(ABOUT THIS EXERCISE): The records underneath are to be printed in full and exactly, with no pictures carried over.

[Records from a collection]

------------------------------

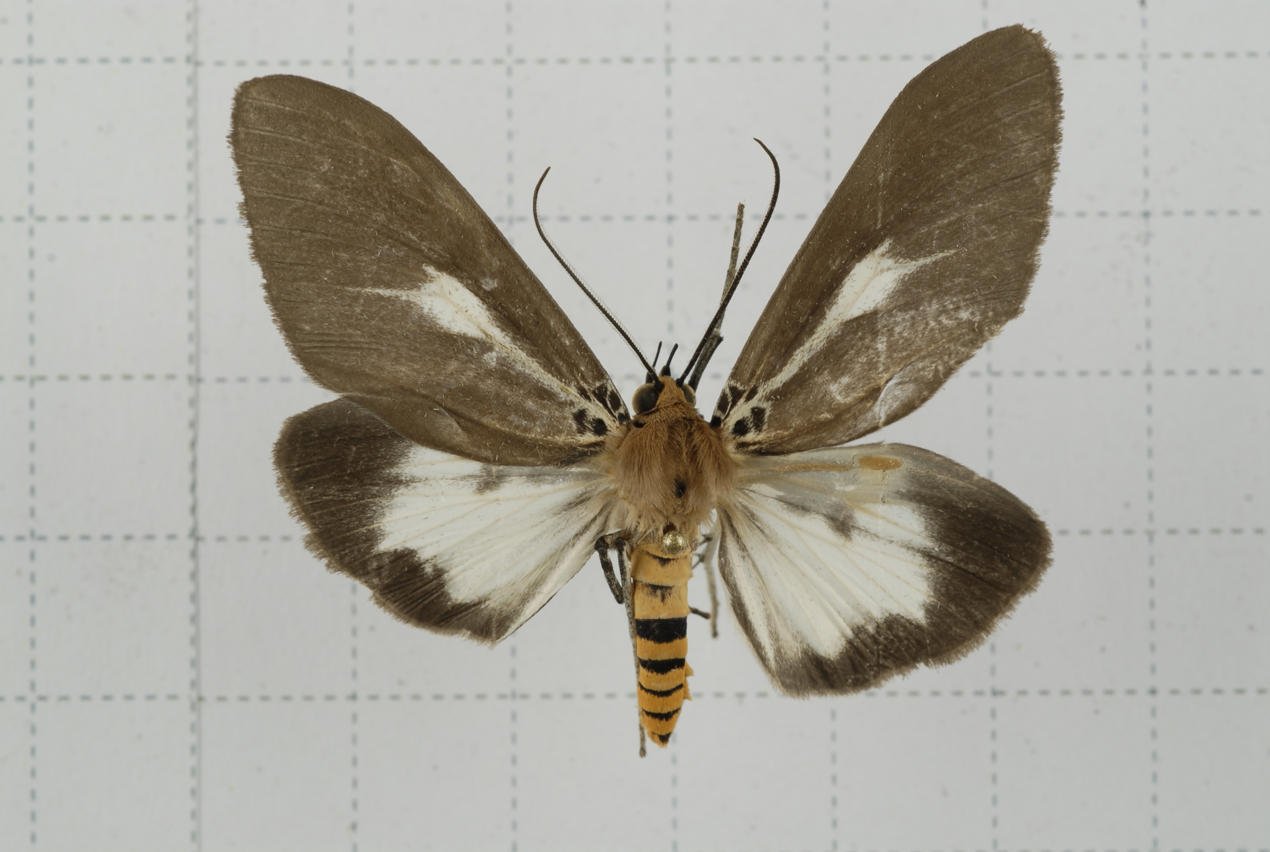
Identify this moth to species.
Asota heliconia zebrina
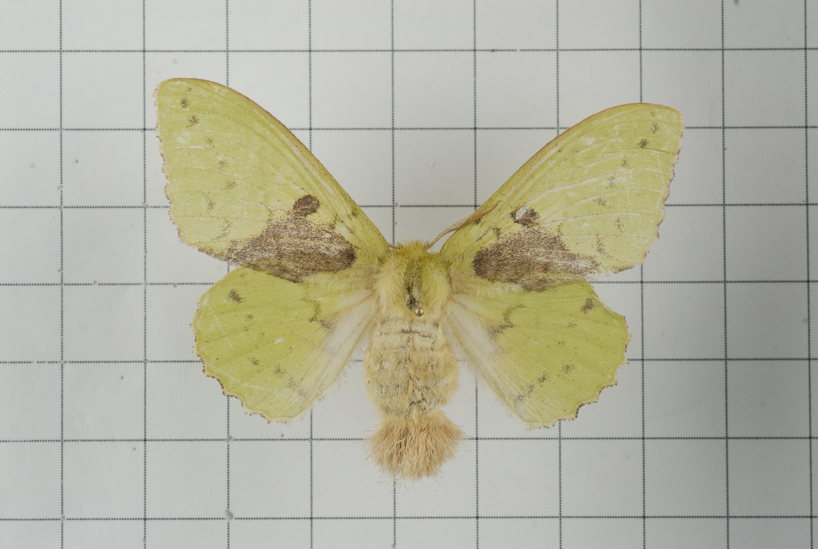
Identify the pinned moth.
Trabala vishnou guttata
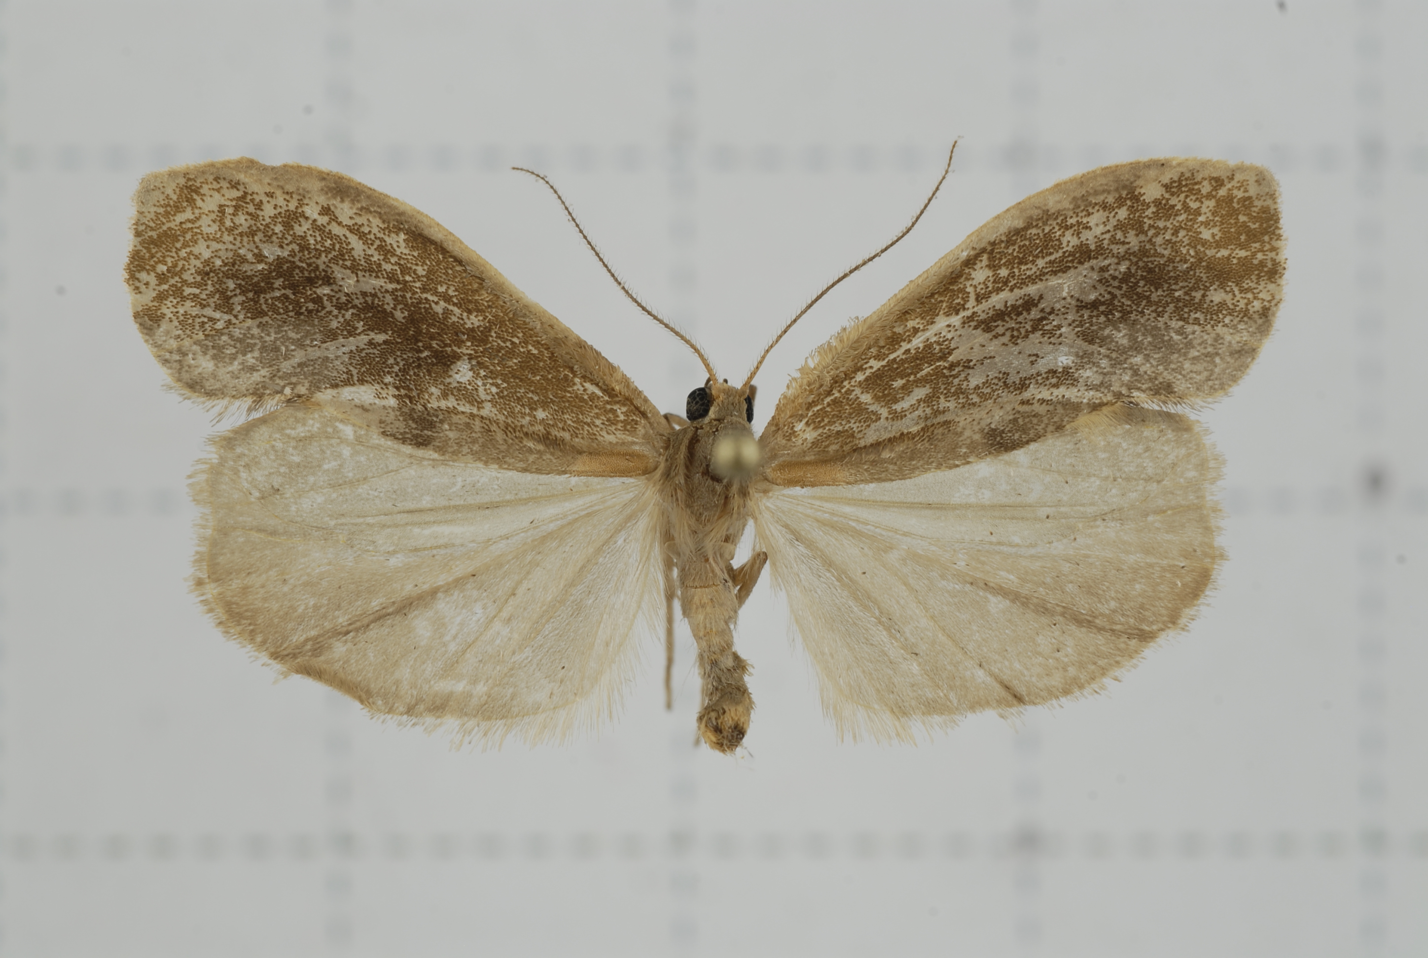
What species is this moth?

------------------------------

(SOLUTION TO THIS PROBLEM):
Identify this moth to species.
Asota heliconia zebrina
Identify the pinned moth.
Trabala vishnou guttata
What species is this moth?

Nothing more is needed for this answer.